Viewing a single comment thread. View all comments

kompootor t1_jb507nj wrote

This is just an awesome idea all around, a strong visualization, and I look forward to seeing more expansions on it. Now question/critique/suggestion:

Crucially, over what years is the data taken? On the IAAF Toplists you can get a season cross-section of athletes' PRs (Personal Record, i.e. the athlete's PB that got officially recorded), or you can get all-time PRs through apparently 1899 (although prewar data on this will be terrible, especially for women), of which perhaps either the PRs from the year of the record until now are a better pick per event, or maybe it's better to compare the cross section of PRs at the year the record was won (I don't know offhand). Regardless, the data date range(s) should be put on the graph, and I really think the year of each record should be added in parentheses for each event as well, since that also hints at how big of a statistical outlier that record may have been.

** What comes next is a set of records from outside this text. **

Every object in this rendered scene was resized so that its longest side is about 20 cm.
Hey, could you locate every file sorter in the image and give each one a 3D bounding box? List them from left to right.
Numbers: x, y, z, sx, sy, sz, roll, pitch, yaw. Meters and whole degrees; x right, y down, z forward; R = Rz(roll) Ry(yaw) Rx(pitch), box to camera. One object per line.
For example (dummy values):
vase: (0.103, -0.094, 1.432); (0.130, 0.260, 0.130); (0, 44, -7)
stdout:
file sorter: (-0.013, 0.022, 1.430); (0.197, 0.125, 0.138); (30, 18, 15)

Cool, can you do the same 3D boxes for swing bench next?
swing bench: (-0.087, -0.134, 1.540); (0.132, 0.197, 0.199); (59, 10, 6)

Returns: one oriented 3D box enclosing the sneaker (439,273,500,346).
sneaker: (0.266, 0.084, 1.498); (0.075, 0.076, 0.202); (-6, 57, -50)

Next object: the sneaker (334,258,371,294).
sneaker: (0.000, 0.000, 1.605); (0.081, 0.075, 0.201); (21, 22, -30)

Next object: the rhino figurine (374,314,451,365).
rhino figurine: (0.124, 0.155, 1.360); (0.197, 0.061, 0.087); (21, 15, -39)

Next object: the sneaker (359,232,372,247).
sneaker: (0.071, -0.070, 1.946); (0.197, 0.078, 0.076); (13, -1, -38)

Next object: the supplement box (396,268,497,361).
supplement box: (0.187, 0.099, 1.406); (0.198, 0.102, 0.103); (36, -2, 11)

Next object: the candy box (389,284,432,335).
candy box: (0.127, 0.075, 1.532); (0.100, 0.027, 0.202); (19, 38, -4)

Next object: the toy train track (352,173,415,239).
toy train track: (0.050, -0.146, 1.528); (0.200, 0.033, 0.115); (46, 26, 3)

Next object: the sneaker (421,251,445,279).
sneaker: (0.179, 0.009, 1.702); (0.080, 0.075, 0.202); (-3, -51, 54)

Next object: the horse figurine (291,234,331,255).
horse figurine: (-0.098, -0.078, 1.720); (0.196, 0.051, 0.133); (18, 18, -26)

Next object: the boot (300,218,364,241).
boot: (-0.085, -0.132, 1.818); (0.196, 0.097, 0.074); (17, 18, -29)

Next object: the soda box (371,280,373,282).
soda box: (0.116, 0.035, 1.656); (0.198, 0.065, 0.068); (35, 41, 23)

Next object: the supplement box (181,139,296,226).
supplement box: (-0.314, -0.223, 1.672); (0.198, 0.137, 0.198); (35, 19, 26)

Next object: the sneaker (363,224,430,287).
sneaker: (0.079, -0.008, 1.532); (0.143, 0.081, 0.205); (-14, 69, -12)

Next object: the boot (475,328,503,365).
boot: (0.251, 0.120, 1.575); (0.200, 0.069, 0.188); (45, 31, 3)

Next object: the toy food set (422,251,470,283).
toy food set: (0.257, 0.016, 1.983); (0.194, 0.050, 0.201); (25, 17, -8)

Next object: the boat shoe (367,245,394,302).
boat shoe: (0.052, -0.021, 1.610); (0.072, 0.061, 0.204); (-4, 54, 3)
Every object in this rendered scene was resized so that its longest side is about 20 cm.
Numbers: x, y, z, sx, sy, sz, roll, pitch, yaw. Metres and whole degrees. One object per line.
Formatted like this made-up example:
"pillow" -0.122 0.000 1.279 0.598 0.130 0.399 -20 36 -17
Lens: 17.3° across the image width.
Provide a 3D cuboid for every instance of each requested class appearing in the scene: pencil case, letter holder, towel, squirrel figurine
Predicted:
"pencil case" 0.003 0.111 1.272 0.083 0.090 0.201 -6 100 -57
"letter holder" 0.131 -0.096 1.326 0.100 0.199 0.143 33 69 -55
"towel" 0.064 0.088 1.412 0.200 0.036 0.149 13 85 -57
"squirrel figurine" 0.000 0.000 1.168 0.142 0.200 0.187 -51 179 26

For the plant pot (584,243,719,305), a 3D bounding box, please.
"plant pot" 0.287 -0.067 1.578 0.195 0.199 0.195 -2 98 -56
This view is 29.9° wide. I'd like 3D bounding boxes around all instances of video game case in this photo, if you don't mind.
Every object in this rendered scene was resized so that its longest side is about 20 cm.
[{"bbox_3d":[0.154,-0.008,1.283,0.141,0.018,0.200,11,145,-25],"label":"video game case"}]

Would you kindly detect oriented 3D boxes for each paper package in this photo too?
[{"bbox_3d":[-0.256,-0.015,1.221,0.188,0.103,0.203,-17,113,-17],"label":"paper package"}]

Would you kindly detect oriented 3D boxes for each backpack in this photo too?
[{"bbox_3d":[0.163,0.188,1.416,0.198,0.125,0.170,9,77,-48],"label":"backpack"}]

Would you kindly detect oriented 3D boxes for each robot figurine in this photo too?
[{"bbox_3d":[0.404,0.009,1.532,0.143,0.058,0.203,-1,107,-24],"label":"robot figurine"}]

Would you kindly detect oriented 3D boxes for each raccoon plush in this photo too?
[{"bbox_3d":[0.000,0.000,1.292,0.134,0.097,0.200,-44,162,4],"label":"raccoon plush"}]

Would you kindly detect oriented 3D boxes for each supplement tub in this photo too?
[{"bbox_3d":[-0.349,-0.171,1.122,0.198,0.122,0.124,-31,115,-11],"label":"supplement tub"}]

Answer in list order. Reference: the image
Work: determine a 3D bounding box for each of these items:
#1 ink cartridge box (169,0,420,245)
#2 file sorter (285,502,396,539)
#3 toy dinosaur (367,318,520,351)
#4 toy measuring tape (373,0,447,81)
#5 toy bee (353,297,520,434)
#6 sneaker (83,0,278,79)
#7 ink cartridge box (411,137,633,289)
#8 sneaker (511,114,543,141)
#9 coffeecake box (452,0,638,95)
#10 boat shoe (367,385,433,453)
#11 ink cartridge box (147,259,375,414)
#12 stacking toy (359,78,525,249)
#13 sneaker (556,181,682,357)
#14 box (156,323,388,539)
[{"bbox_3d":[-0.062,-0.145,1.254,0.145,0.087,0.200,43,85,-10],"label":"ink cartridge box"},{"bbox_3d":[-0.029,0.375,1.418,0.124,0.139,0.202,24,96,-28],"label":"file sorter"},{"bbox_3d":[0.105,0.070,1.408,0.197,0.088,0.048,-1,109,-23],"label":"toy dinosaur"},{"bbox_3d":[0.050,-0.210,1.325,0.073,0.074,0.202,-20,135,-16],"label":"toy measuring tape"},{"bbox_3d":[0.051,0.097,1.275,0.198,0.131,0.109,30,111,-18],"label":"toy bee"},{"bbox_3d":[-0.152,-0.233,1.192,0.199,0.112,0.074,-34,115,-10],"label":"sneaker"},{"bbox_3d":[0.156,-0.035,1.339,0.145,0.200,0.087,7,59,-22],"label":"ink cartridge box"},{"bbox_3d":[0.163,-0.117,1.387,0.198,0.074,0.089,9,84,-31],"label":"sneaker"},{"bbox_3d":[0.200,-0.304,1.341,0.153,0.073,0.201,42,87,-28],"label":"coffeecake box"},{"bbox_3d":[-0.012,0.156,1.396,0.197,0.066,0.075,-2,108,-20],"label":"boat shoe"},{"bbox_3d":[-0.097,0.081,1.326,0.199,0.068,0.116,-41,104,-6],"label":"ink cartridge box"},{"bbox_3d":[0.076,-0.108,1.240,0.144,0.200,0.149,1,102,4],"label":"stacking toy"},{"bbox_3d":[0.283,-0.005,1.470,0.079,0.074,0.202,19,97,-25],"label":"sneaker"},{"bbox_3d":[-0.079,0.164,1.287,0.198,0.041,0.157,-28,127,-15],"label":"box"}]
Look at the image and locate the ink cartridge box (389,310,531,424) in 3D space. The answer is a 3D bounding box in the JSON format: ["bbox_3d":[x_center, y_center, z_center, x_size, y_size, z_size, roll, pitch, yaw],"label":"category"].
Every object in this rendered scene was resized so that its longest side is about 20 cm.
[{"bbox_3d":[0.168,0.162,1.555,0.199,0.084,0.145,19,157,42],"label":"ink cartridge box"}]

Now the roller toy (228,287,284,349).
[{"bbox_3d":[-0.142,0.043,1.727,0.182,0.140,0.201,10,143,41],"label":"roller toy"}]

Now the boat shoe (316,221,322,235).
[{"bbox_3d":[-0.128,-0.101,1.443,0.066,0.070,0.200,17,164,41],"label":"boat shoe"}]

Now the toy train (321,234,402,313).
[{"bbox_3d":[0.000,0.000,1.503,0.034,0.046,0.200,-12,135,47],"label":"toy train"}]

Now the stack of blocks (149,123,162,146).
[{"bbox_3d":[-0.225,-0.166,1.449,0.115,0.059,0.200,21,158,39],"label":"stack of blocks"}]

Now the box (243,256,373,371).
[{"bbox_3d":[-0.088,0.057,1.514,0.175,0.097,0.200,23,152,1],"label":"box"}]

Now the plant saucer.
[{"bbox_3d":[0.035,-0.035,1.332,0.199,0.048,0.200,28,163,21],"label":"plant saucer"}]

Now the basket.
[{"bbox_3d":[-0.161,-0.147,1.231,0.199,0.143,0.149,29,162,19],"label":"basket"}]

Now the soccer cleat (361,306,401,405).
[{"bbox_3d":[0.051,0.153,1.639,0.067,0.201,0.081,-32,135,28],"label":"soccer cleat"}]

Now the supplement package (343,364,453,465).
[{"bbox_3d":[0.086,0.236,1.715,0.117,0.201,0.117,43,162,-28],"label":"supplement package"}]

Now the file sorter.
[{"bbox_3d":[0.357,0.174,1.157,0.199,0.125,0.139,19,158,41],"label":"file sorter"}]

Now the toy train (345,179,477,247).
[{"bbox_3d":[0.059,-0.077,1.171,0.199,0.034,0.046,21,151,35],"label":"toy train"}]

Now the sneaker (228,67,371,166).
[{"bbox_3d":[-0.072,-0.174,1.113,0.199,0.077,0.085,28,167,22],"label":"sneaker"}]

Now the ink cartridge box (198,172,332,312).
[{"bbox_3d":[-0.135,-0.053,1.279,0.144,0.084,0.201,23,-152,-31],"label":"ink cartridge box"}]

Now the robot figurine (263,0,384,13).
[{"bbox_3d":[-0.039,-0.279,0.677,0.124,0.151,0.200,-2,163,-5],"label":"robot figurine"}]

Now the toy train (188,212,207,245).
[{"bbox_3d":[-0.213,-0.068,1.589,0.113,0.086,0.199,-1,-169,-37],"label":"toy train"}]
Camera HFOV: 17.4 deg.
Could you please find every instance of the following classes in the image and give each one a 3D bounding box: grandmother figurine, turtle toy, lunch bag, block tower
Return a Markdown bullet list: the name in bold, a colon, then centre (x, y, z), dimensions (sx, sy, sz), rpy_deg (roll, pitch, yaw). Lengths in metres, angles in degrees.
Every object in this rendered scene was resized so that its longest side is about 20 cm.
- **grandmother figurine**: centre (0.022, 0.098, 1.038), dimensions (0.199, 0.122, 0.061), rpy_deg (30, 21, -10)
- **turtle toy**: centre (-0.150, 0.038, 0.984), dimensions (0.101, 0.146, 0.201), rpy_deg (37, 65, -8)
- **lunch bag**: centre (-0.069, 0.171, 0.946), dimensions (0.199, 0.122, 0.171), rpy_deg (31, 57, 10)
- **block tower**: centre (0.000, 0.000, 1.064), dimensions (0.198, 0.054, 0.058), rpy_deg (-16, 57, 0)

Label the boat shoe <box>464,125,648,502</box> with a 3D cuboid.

Are those events that were selected with highest z-scores chosen with respect to mens' or womens' events exclusively, or a mix of the two? As it's ambiguous enough about it (it doesn't say "Top 20 events with most dominant records" or something) it seems safe to eyeball a mixed set, but it would still be nice to note.

I agree with the general sentiment that it would be nice to have the list sorted by z-score, but of course that's impossible to do for both men and women in this visualization while keeping parity/sanity of events and thus neatness. It is possible, however, in another graph format, that one may consider playing with in future (as I'm not sure how effective it would be comparatively): You take a 2D x-y graph with mens' event records on the x-axis and womens' records on the y-axis, each overloaded for different record unit types (such that you will have adequate spacing between dots if you just plotted mens' records as dots on the x-axis). Then each event gets a corresponding (x,y) point with a label; the z-scores are indicated by the label and the point having a shape sized correspondingly in the x and y (or else be simply two small bars). Then to read mens' records ascending you follow the dots left to right, and for womens' you follow the dots bottom to top. Just one possibility that someone could do with a dataset like this.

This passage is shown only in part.